GAAP fair value definition

the price that would be received to sell an asset or paid to transfer a liability in an orderly transaction between market participants at the measurement date (market-based measure)

why are reclassification adjustments necessary?

to insure that double counting does not result when realized gains or losses are reported as part of NI but are also shown as part of other comprehensive income in the current period or in previous periods

Where on the asset side of the BS are debt investments classified as trading, available for sale, and held to maturity securities reported?

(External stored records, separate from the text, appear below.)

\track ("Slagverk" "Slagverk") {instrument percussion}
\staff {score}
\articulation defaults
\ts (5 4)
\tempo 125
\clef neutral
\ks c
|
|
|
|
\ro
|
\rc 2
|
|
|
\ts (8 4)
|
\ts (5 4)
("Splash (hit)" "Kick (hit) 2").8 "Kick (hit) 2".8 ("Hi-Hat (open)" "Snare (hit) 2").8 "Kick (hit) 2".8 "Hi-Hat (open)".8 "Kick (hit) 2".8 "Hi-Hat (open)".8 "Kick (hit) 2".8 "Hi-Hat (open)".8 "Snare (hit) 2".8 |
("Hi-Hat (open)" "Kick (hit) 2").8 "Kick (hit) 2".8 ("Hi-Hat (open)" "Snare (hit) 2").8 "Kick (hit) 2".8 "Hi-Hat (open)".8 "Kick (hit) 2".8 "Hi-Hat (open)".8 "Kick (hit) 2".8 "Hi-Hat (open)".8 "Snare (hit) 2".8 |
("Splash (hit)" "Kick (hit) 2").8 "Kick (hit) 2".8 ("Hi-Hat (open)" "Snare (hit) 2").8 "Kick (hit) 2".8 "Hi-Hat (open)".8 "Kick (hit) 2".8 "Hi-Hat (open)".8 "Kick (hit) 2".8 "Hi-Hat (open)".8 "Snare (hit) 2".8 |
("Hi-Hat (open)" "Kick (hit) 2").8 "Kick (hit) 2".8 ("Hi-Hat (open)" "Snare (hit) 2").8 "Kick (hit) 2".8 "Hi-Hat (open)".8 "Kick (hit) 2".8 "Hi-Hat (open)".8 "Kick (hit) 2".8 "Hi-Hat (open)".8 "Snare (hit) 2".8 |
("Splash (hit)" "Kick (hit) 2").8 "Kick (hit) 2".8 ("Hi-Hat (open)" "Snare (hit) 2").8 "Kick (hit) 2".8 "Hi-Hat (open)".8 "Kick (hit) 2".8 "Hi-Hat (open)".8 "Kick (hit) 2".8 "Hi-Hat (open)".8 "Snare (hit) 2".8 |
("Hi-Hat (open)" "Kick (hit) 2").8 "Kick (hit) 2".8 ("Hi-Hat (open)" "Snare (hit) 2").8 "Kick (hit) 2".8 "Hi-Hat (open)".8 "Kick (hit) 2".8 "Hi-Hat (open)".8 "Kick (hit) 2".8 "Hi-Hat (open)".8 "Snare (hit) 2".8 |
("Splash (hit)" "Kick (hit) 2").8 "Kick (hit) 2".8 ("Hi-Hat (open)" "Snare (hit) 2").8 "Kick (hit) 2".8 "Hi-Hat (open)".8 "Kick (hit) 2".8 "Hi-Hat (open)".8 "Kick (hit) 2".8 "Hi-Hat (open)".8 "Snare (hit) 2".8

trading- FAIR VALUE as CURRENT assets. individual held to maturity & available for sale- CURRENT OR NON CURRENT depending on circumstances. held to maturity- generally classified as current or noncurrent based on maturities and expectations as to sales and redemptions in the following year.

how a transfer of securities from the available for sale category to the trading category after SE and Income.

when a security is transferred from one category to another, the transfer should be recorded at FAIR VALUE, which in this case becomes the new basis for the security. Any unrealized gain or loss at the date of the transfer increases or decreases SE. The unrealized gain or loss at the date of the transfer to the trading category is recognized in income.